É uma pergunta justa que merece uma resposta. O que uma instituição de caridade do Reino Unido que pretende lutar contra o comércio de carne de cachorro tem feito com as doações recebidas?

Porém, em vez de respostas razoáveis, ativistas pelos direitos animais que levantaram o questionamento tem se deparado com um abuso online chocante, diz o Mirror.

No centro desta controvérsia, está a instituição Proteção Mundial Para Cães e Gatos do Comércio de Carne, mais conhecida simplesmente como “Não à Carne de Cachorros”.

No início deste ano, o grupo lançou um apelo para arrecadar fundos para salvar os animais destinados ao famoso festival de carne de cachorro Yulin na China.

Segundo o grupo, o dinheiro seria enviado para a professora aposentada Yang Xiaoyun cujos esforços para salvar cães chamaram atenção em todo o mundo.

Mais de 80 mil libras foram arrecadadas, mas apenas cerca de 10 mil foram enviadas a Yang.

Entre os interessados na polêmica está o acadêmico da Universidade Keele e escritor Daniel Allen, que perguntou o que aconteceu com o restante do dinheiro.

“Isso começou minha experiência pessoal de abuso online”, disse ele.

Um usuário do Facebook fez represálias: “Eu tenho um blog e também posso aparecer no seu local de trabalho e denunciá-lo por trazer descrédito à Universidade Keele “.

Allen, entretanto, afirma que o órgão não pode desviar as doações para algum outro propósito: “Legalmente, se esse dinheiro não for para Yang, ele deve ser devolvido aos doadores” .
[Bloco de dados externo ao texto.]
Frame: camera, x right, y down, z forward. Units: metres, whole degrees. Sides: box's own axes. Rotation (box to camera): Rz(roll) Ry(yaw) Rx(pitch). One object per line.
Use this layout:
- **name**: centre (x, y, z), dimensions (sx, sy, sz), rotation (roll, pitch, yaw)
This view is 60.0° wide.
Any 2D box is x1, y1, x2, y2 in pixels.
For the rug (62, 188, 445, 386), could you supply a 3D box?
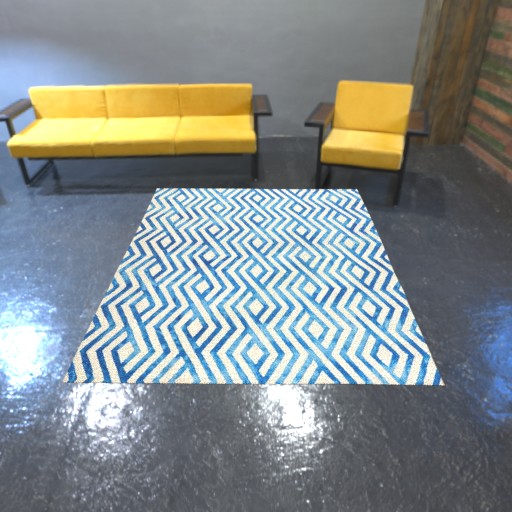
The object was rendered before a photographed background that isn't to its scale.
- **rug**: centre (0.000, 0.000, 4.119), dimensions (2.453, 0.008, 3.059), rotation (0, 32, 0)

O caso de Allen não é exclusivo. O ator Peter Egan, da série Downton Abbey, , tem sido um defensor apaixonado pelos animais há muitos anos.

Um grupo online anônimo perguntou se ele apoiava o “Não à Carne de Cachorros”. “Eu disse que não apoio ou confio nesse grupo”, respondeu Peter, que descreveu a instituição como “um grupo de protesto bastante decrépito”.

Quando a reportagem entrou em contato com o grupo, Joanne, uma voluntária, alegou que o grupo parou de enviar dinheiro à senhora Yang porque ela não tinha usado para salvar os animais e estava “ligada à máfia da carne de cachorro”.

Alegações semelhantes foram repetidas pela diretora-executivo da instituição, Julia de Cadenet, que também falou que tem ocorrido uma “campanha de ódio liderada por vários trolls cibernéticos conhecidos”.

O grupo diz que tem consultado advogados.